◆ Source material
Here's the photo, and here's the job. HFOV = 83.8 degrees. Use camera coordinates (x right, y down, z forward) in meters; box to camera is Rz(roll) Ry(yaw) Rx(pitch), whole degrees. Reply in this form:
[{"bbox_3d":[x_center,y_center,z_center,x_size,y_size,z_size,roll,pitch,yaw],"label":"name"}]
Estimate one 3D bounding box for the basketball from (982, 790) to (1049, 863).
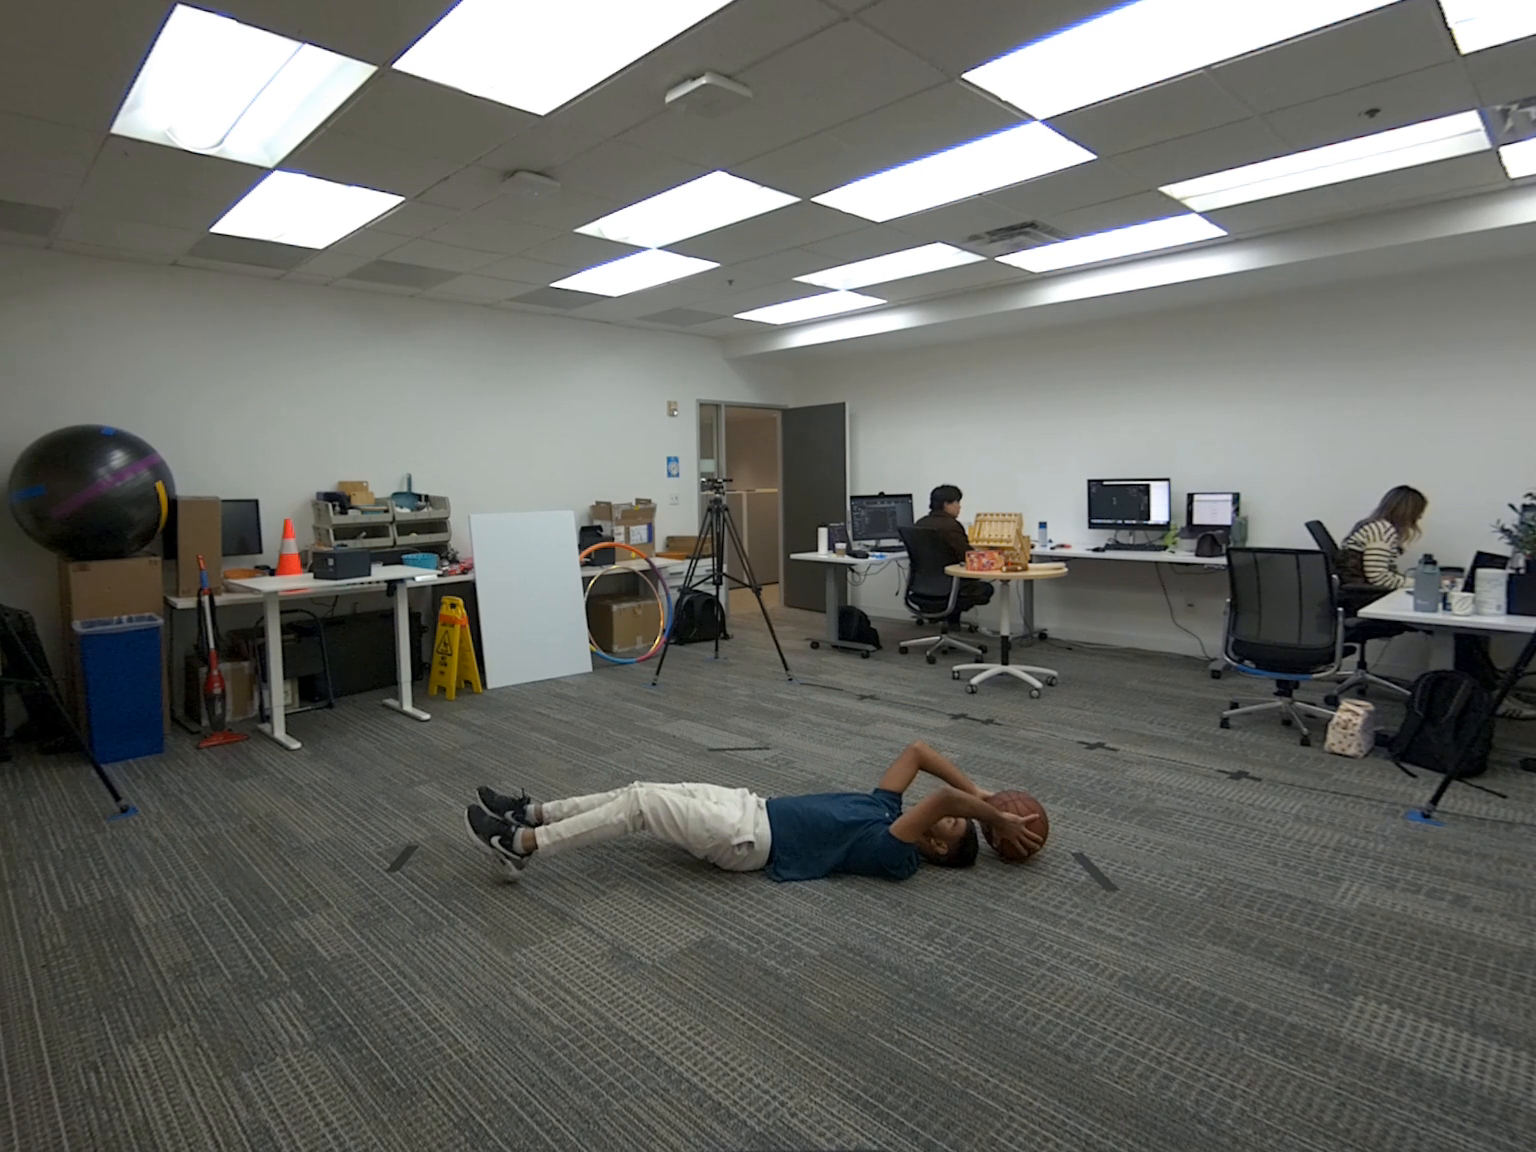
[{"bbox_3d":[0.905,0.899,3.128,0.236,0.235,0.237,-1,5,-2],"label":"basketball"}]

◆ What the task requires
Copy the listing above exactly, minus the pictures.

◆ Answer section
Here's the photo, and here's the job. HFOV = 83.8 degrees. Use camera coordinates (x right, y down, z forward) in meters; box to camera is Rz(roll) Ry(yaw) Rx(pitch), whole degrees. Reply in this form:
[{"bbox_3d":[x_center,y_center,z_center,x_size,y_size,z_size,roll,pitch,yaw],"label":"name"}]
Estimate one 3D bounding box for the basketball from (982, 790) to (1049, 863).
[{"bbox_3d":[0.905,0.899,3.128,0.236,0.235,0.237,-1,5,-2],"label":"basketball"}]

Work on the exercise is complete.